IBM: Meetaker AI
AI meeting productivity platform
A performance application powered by IBM and Azure OpenAI to increase productivity and streamline post-meeting experiences across iOS and web.
The Challenge
Post-meeting workflows are fragmented and time-consuming. Professionals struggle to accurately capture action items, summarize key decisions, and share outcomes — leading to misalignment, missed follow-ups, and lost productivity.
The Solution
A cross-platform AI app (iOS + Web) that records, transcribes, and summarizes meetings using IBM and Azure OpenAI — giving professionals a reliable, structured record of every conversation with minimal manual effort.
The Impact
- Reduced post-meeting processing time significantly
- Consistent transcript and summary quality across iOS and web
- Aligned with IBM accessibility and efficiency standards
- Branding recognized as conveying creativity, confidence, and innovation
Research & Discovery
I conducted a competitive audit of existing voice transcription tools to identify recurring pain points before committing to a design direction — combined with user interviews to understand real workflow needs.
“I need a simple iPhone tool that can transcribe my meeting recordings and give me a clean summary — I don't have time to rewatch everything.”
— Jane S., Sales Manager ยท Key Persona
Design Process
01Pain Points & User Research
I began by identifying friction in post-meeting workflows through user interviews and a competitive audit of existing transcription tools — Otter.ai, Fireflies, and Google Meet transcription. Common pain points emerged: inaccurate transcripts, no smart summarization, poor organization of notes, and no cross-device continuity. These findings shaped the core feature set.
02User Journey Mapping
I mapped the full journey of a user — from recording a meeting through reviewing transcripts and sharing summaries — to identify key friction points and opportunities. The journey revealed that most drop-off happened in the post-recording phase: users had raw transcripts but no clear path to actionable summaries or organized notes.
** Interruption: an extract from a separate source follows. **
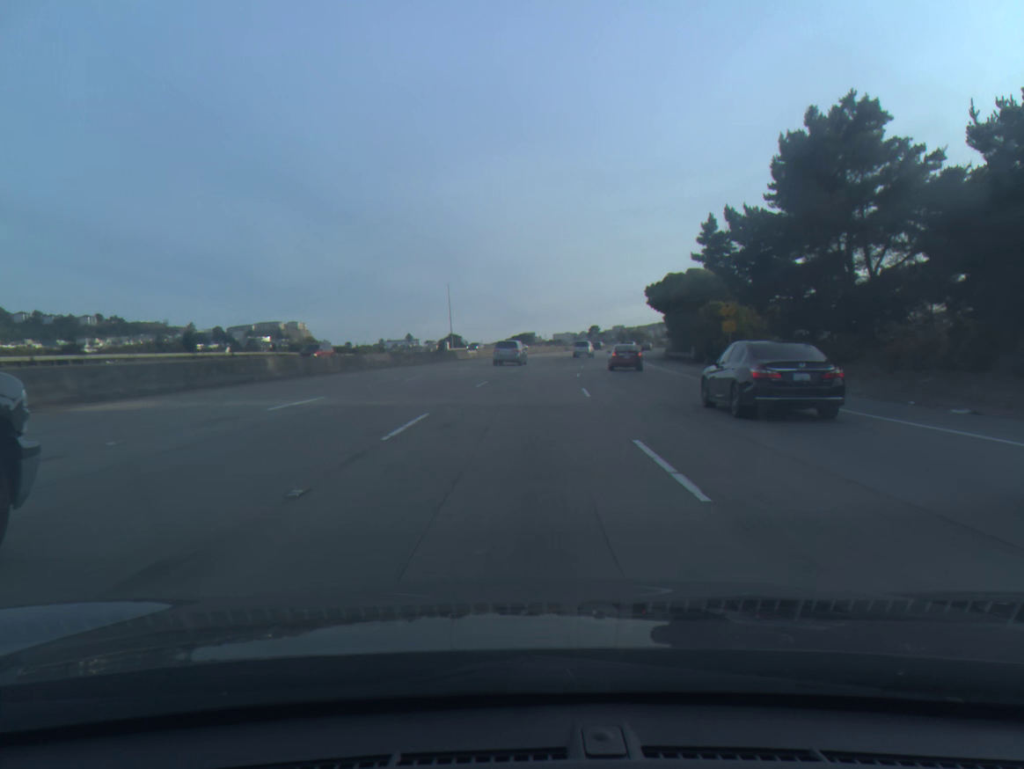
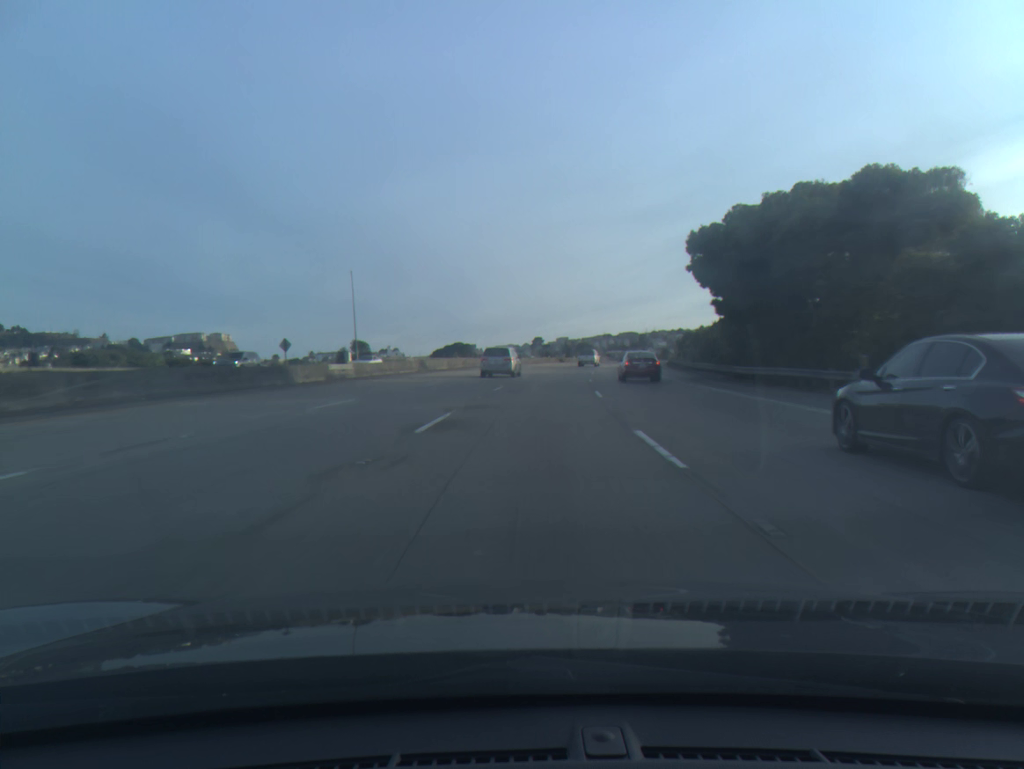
(+1.3, +40.9) m; +4°
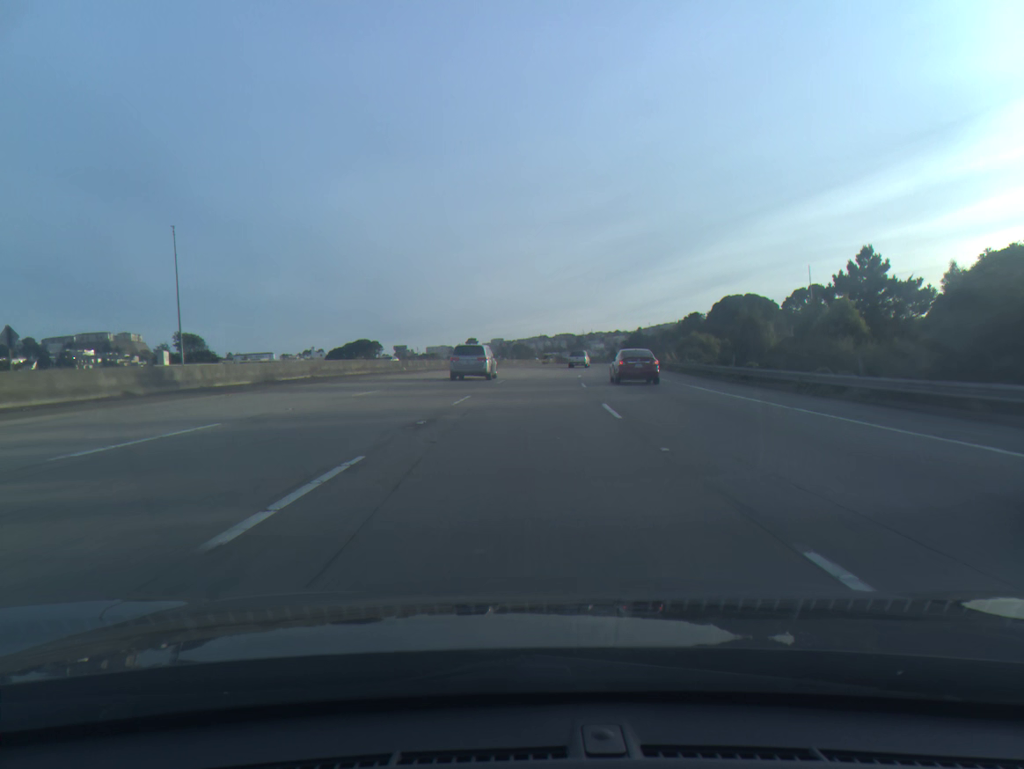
(+1.7, +38.1) m; +5°

03Wireframes & Information Architecture
Wireframes focused on three core areas: recording and playback, note organization, and transcript management. I explored multiple IA approaches for surfacing AI summaries — inline within transcripts, as a separate summary view, and as push-notification digests. Testing revealed users preferred a dedicated summary screen with the ability to jump back to the transcript.
04Branding, Visual Design & Mockups
The visual design blended IBM's modern clarity with a purple accent to communicate creativity and confidence — differentiating Meetaker from IBM's typically neutral enterprise palette while staying within brand guardrails. High-fidelity mockups were developed for iOS and web, aligned with IBM accessibility standards, and validated through usability testing before handoff.
Key Features
Designed around post-meeting workflows, every feature helps users move from raw conversation to actionable outcomes.
Meeting Recording
One-tap recording on iOS or web captures audio clearly, with background recording support so users can continue working during a call.
AI Transcription
Powered by IBM and Azure OpenAI, transcripts are generated in real time with speaker identification and high accuracy across accents and environments.
Smart Summarization
AI extracts key decisions, action items, and discussion highlights into a structured summary — no manual note-taking required.
Note Organization
Meetings are automatically organized by date, participant, and topic. Users can tag, search, and filter across their full meeting history.
Cross-platform Sync
Transcripts and summaries sync seamlessly between iOS and web, so users can record on mobile and review or share from desktop.
Share & Export
Summaries and transcripts can be shared directly with meeting participants or exported to productivity tools — closing the loop on follow-ups.
Design Showcase
Brand identity — IBM clarity with a purple creative accent
Transcript and summary views with structured meeting output
Recording screen — one-tap capture with live workflow support
Branding — IBM clarity with a purple creative accent
What I Learned
- Designing for AI output requires setting clear user expectations — people need to understand what the AI can and can't do to trust the summaries it generates.
- Cross-platform consistency is harder than it looks. iOS and web users have fundamentally different mental models for the same task, requiring distinct interaction patterns within a shared visual system.
- Working within IBM's design standards early — rather than retrofitting at the end — saved significant rework and kept the team aligned throughout.
- The competitive audit was the most valuable early-stage activity: it quickly surfaced what users already disliked about existing tools and gave the team a clear north star for differentiation.
Challenges & Constraints
- Balancing IBM's enterprise visual language with a consumer-facing product that needed warmth and approachability was a core design tension throughout the project.
- AI transcription accuracy varied across accents and audio environments — communicating uncertainty gracefully in the UI without eroding trust required multiple design iterations.
- Defining the right level of AI automation versus user control for summaries took several rounds of testing.
- Delivering a cross-platform experience with a single design system required close collaboration with two engineering teams working on iOS and web concurrently.